Thanks for all your feedback since my first post on my financial lessons learned from caring for an elderly parent.  Frankly, writing about it helps me make sense of the situation. I also appreciate your backup!

My Alzheimer’s research led me to a number of websites covering all aspects of the syndrome. Unfortunately no single site covers it all, but I’d highly recommend searching for local Alzheimer’s groups. Local groups can be a great help in finding a good care facility and navigating your local system. I can’t overemphasize the education & support I’ve received from geriatric care managers and elder law experts. Like investing for retirement, we’re all capable of figuring this out for ourselves. Unlike retirement planning, however, this situation is usually precipitated by an emergency that turns into a care crisis. It’s almost impossible to learn the necessary information fast enough, and during the crisis you’ll need all the help you can find.

I’ve also found two great Alzheimer’s websites with the technical details that I’ve been seeking. Don’t get me wrong– there are plenty of wonderfully supportive sites out there with information and coping advice. However, these two helped me answer specific financial questions: (1) What’s next and when should I expect it?  and (2) What tax issues should I watch out for?  The second link is seven years old, so learn the vocabulary and then update its info from IRS Publication 524 (Credit For the Elderly or the Disabled) and a tax software program like TaxAct or TurboTax.

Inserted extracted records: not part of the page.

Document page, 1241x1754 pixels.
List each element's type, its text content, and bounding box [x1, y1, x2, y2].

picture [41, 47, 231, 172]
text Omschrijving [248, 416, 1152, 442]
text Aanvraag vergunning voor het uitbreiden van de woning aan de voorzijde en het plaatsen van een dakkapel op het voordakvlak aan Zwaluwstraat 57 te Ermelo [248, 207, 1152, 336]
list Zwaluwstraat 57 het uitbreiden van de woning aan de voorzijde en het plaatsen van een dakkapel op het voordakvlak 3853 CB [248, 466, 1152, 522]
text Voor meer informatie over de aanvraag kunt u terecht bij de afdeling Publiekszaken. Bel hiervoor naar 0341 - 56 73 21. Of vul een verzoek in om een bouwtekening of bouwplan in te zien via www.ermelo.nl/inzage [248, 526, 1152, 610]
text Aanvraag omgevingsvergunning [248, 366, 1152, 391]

According to the first website my father is at the end of stage 5 (of 7) and entering stage 6. Paradoxically, he managed to live independently well into stage 5– although I’d probably be horrified to learn of the inevitable near misses.

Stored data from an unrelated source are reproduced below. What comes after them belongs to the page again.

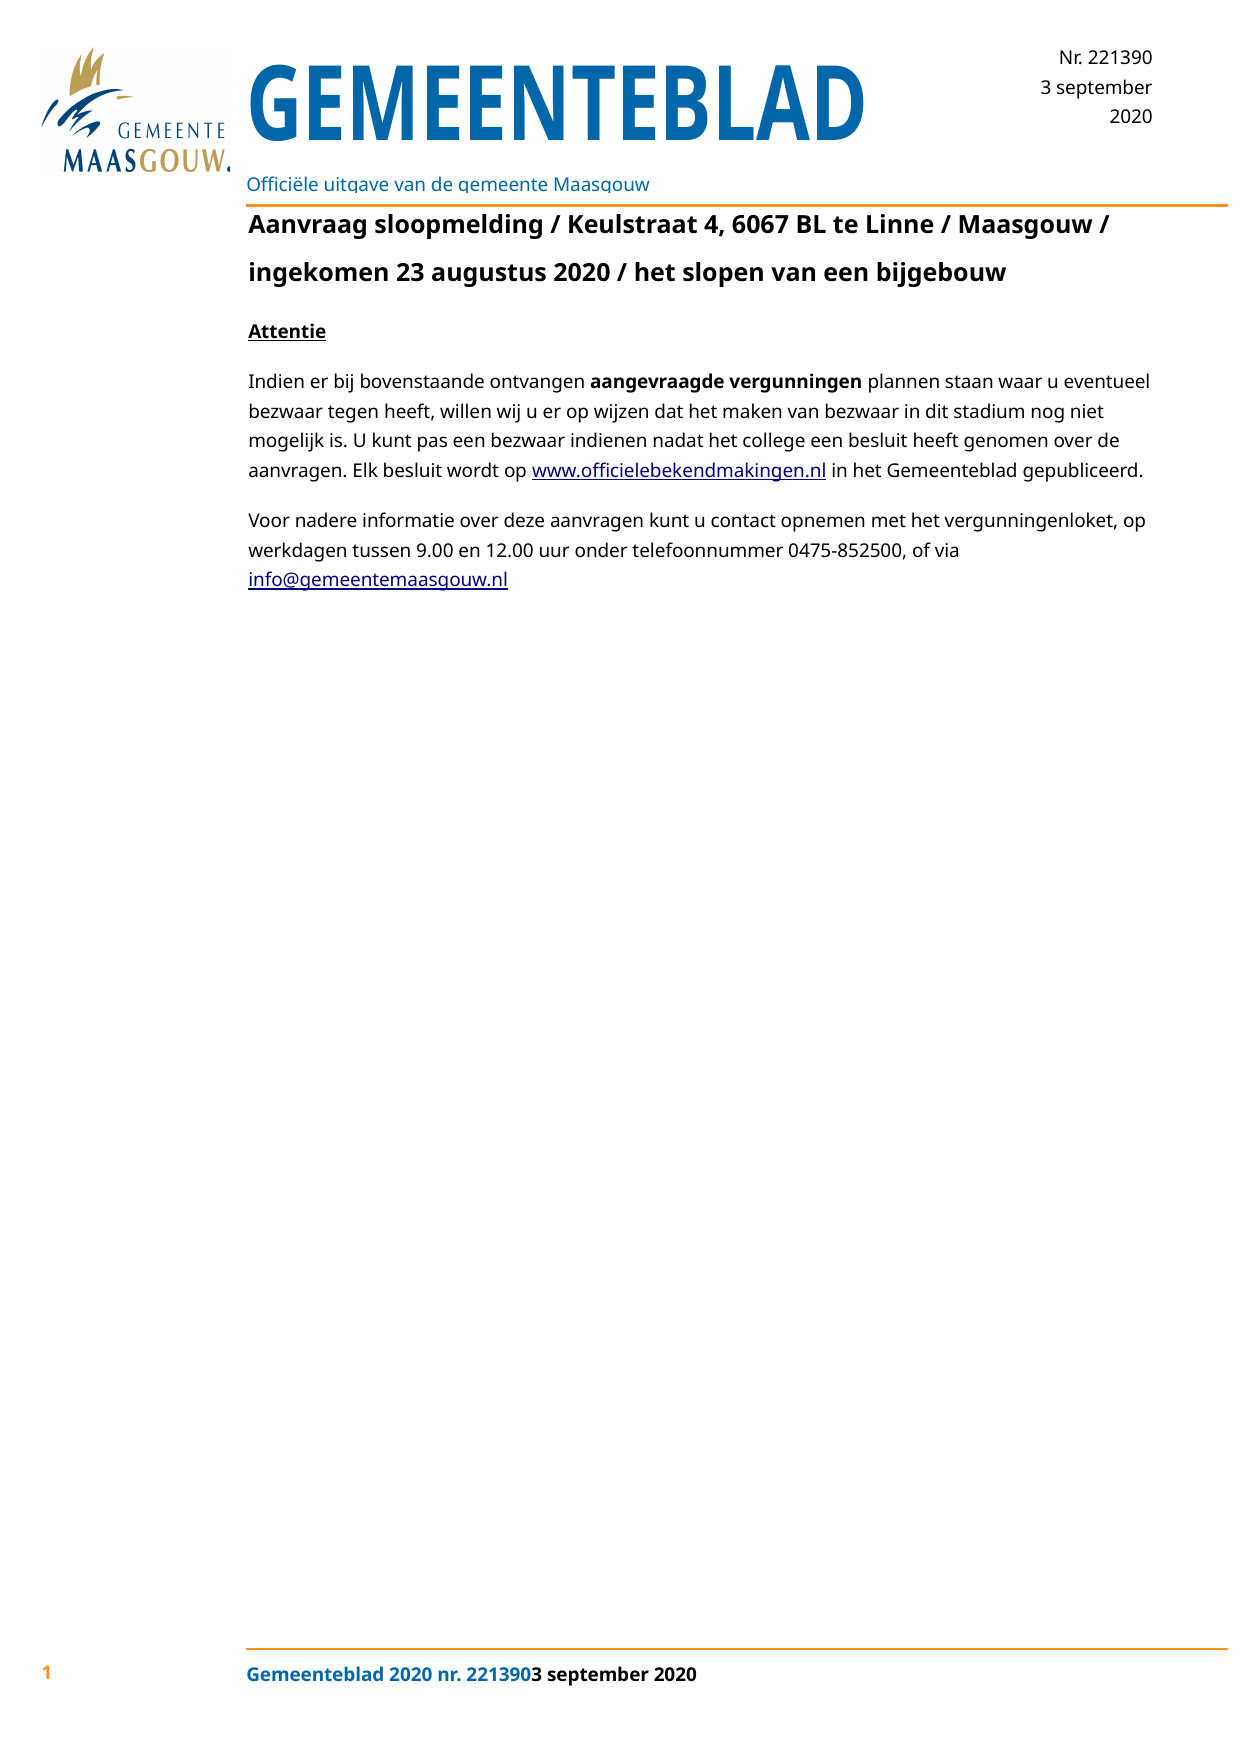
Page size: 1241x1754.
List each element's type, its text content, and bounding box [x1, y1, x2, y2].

text Attentie [248, 318, 1152, 344]
text Aanvraag sloopmelding / Keulstraat 4, 6067 BL te Linne / Maasgouw / ingekomen 23 augustus 2020 / het slopen van een bijgebouw [248, 207, 1152, 288]
text Voor nadere informatie over deze aanvragen kunt u contact opnemen met het vergunningenloket, op werkdagen tussen 9.00 en 12.00 uur onder telefoonnummer 0475-852500, of via info@gemeentemaasgouw.nl [248, 507, 1152, 592]
text Indien er bij bovenstaande ontvangen aangevraagde vergunningen plannen staan waar u eventueel bezwaar tegen heeft, willen wij u er op wijzen dat het maken van bezwaar in dit stadium nog niet mogelijk is. U kunt pas een bezwaar indienen nadat het college een besluit heeft genomen over de aanvragen. Elk besluit wordt op www.officielebekendmakingen.nl in het Gemeenteblad gepubliceerd. [248, 368, 1152, 483]
picture [41, 47, 231, 172]

The long-term care insurance company has approved my Dad’s claim, but I’ll still be involved in the process. I pay the care facility’s bill a month in advance, and then I file a claim on that bill with the insurance company. At the end of the month (in arrears), the insurance company reimburses Dad with a check for last month’s payment. The tax advantage of this delayed payment is that the long-term care benefits are compensation and not subject to income tax. This is a cumbersome 19th-century process that I hope to turn into an electronic fund transfer, but at least the claim is being paid. This will go on for at least three years.

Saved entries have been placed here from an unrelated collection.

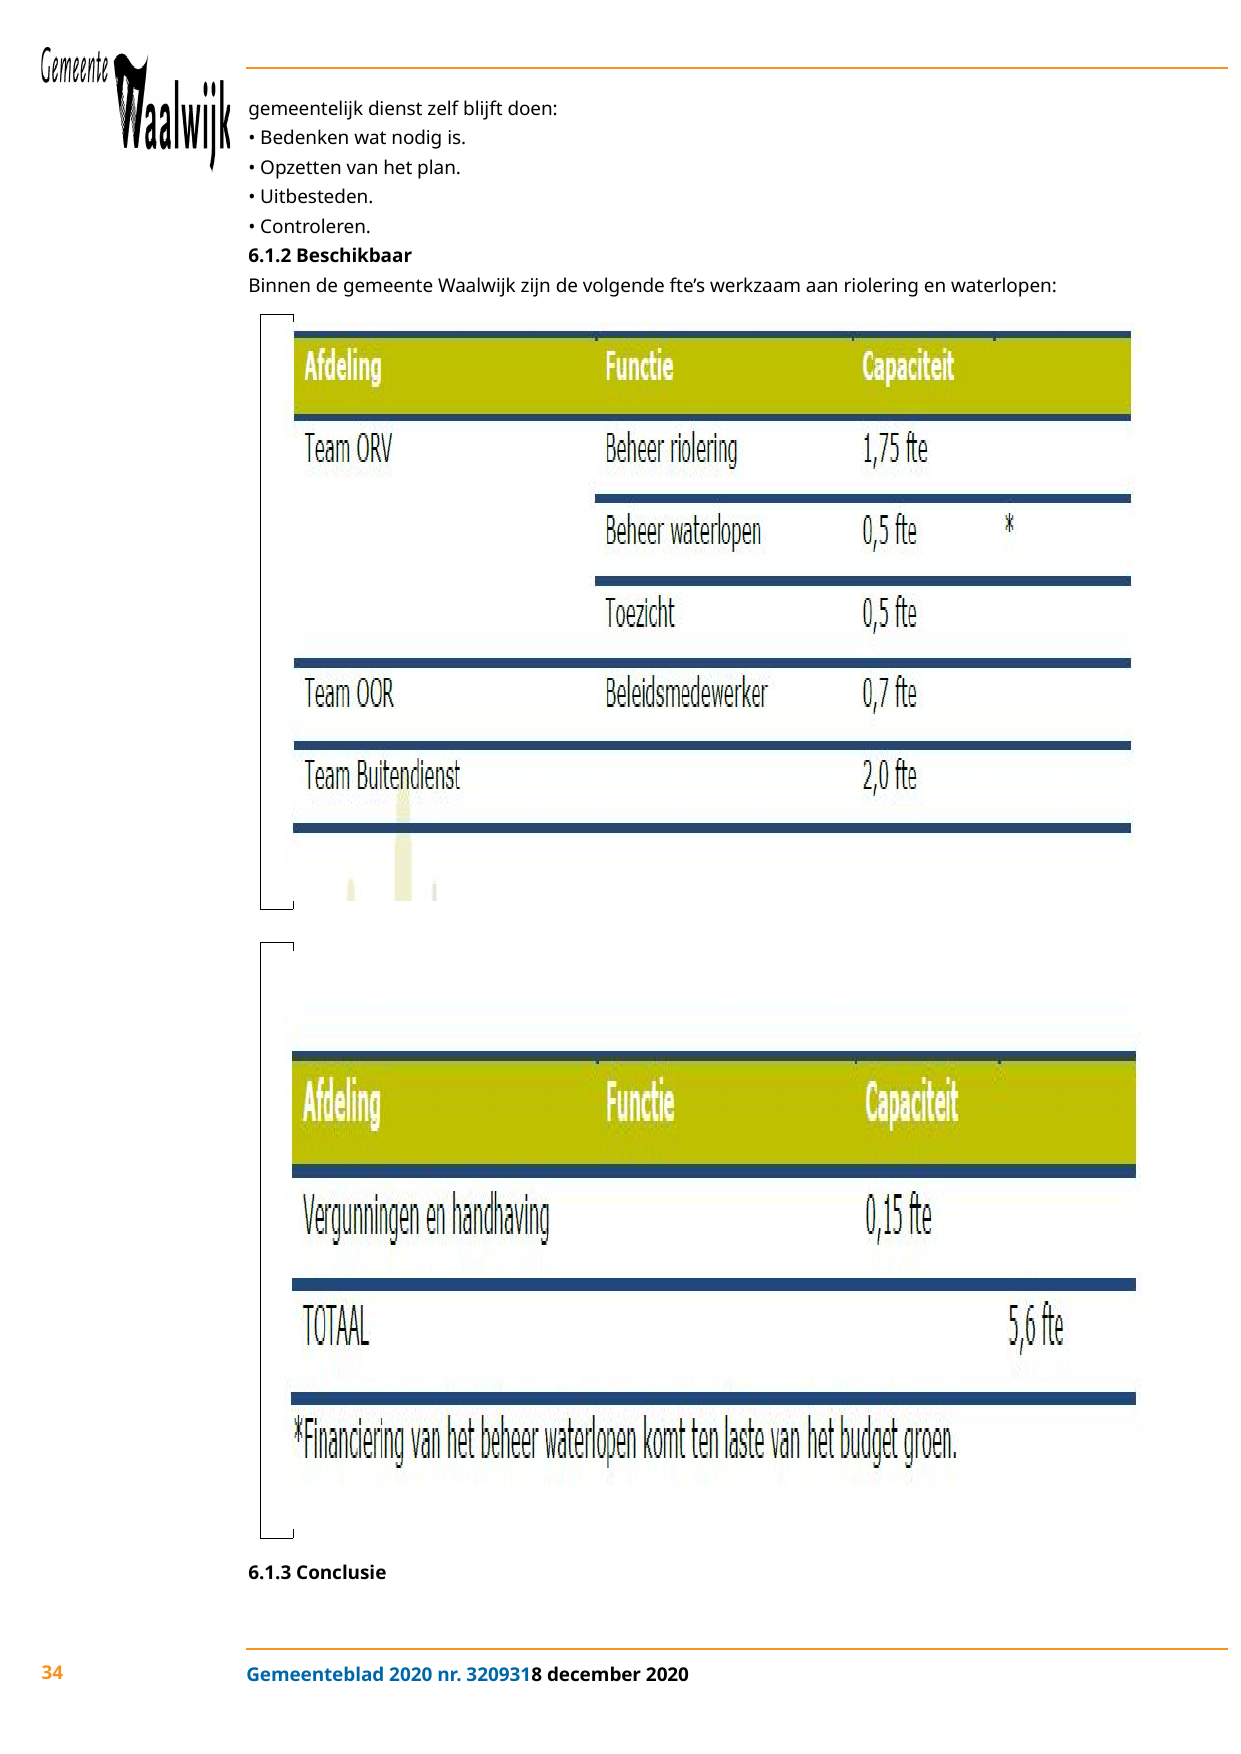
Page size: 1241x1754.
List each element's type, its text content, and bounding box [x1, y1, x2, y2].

text • Bedenken wat nodig is. [248, 124, 1152, 150]
text • Opzetten van het plan. [248, 154, 1152, 180]
picture [268, 951, 1173, 1529]
picture [41, 47, 231, 172]
text • Controleren. [248, 213, 1152, 239]
text • Uitbesteden. [248, 183, 1152, 209]
picture [268, 322, 1173, 901]
text 6.1.2 Beschikbaar [248, 243, 1152, 268]
text Binnen de gemeente Waalwijk zijn de volgende fte’s werkzaam aan riolering en waterlopen: [248, 272, 1152, 298]
text 6.1.3 Conclusie [248, 1559, 1152, 1585]
text gemeentelijk dienst zelf blijft doen: [248, 95, 1152, 121]
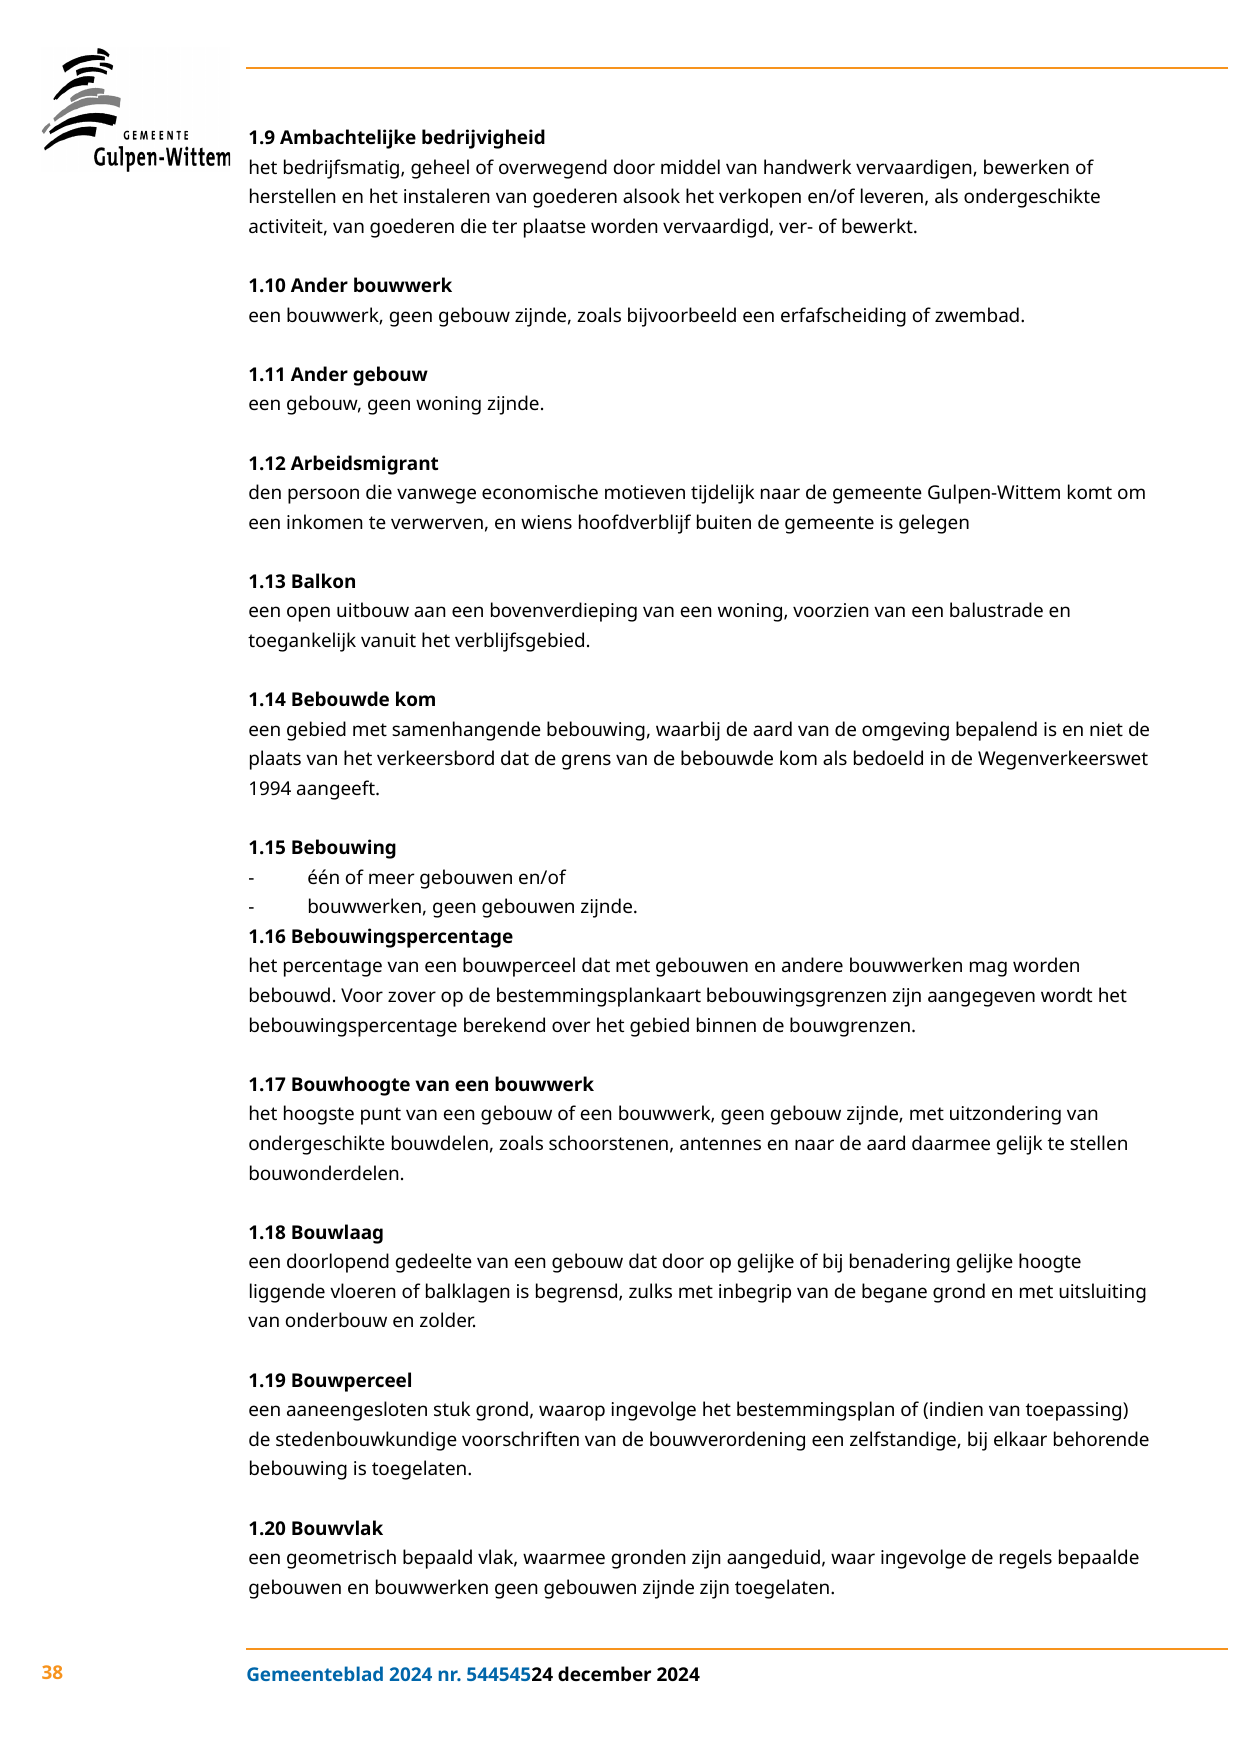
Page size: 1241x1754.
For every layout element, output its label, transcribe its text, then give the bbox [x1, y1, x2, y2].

I’ve also changed my Dad’s mailing addresses. The first step was to eliminate as much snail mail as possible. I’ve put a lot of care and effort into moving his financial correspondence and account statements online. His mail from the IRS, Social Security/Medicare, and the state will now go to my brother (who lives a few blocks away from Dad’s care facility). All other mail (especially insurance paperwork) goes to my address. No snail mail goes to his care facility.

In no particular order, here are other suggestions:

Get the assistance of an attorney who’s been trained in elder law. This means an attorney that understands Medicare, Medicaid, long-term care insurance, estate planning, and advance directives. There are shysters who claim to be able to help “get around” the five-year look-back provision for Medicaid. Don’t buy into this. The experts at the state Department of Social Services (DSS) know exactly how and where to look for transfers of an elder’s assets to a trust, a corporation, or offshore. (Medicaid is a federal program but application and administration is done through a state agency such as DSS.) Fraudulent acts will be noted. I’ve heard about at least two families who made improper state filings and are now working it out with their state attorney. By the way, they were denied admission to a care facility.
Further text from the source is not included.